Try it: Transcribe the whole listing below. Pictures do not go in the copy.

Extracted entries:
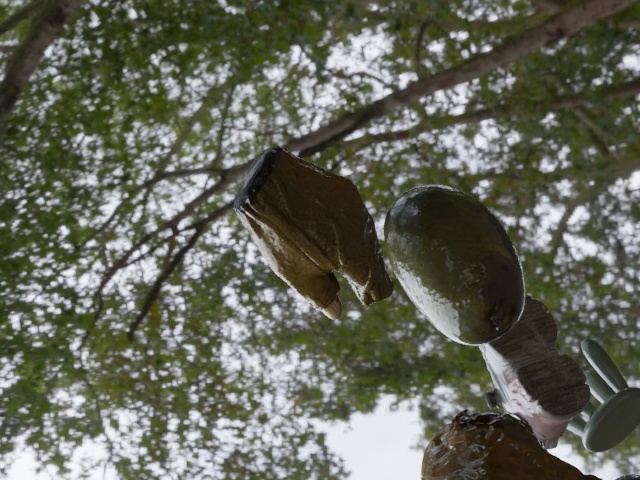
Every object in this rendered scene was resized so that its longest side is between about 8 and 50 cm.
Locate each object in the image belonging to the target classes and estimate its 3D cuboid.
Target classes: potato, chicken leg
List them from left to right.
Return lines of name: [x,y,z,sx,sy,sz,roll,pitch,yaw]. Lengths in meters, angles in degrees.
potato: [0.175,0.034,1.053,0.174,0.159,0.251,3,-145,-24]
chicken leg: [0.235,0.343,0.895,0.409,0.295,0.182,-44,-28,-68]

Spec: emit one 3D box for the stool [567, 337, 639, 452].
stool: [0.670,0.387,2.026,0.195,0.199,0.195,-29,-47,-10]

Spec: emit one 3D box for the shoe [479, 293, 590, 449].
shoe: [0.426,0.279,1.767,0.351,0.171,0.198,-109,16,-45]

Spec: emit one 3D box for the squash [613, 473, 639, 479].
squash: [0.583,0.537,1.449,0.252,0.165,0.252,12,-134,-13]

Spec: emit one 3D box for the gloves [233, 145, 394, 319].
gloves: [0.006,-0.007,1.376,0.356,0.155,0.203,44,-127,-34]

Exercise output:
Every object in this rendered scene was resized so that its longest side is between about 8 and 50 cm.
Locate each object in the image belonging to the target classes and estimate its 3D cuboid.
Target classes: potato, chicken leg
List them from left to right.
Return lines of name: [x,y,z,sx,sy,sz,roll,pitch,yaw]. Lengths in meters, angles in degrees.
potato: [0.175,0.034,1.053,0.174,0.159,0.251,3,-145,-24]
chicken leg: [0.235,0.343,0.895,0.409,0.295,0.182,-44,-28,-68]

Spec: emit one 3D box for the stool [567, 337, 639, 452].
stool: [0.670,0.387,2.026,0.195,0.199,0.195,-29,-47,-10]

Spec: emit one 3D box for the shoe [479, 293, 590, 449].
shoe: [0.426,0.279,1.767,0.351,0.171,0.198,-109,16,-45]

Spec: emit one 3D box for the squash [613, 473, 639, 479].
squash: [0.583,0.537,1.449,0.252,0.165,0.252,12,-134,-13]

Spec: emit one 3D box for the gloves [233, 145, 394, 319].
gloves: [0.006,-0.007,1.376,0.356,0.155,0.203,44,-127,-34]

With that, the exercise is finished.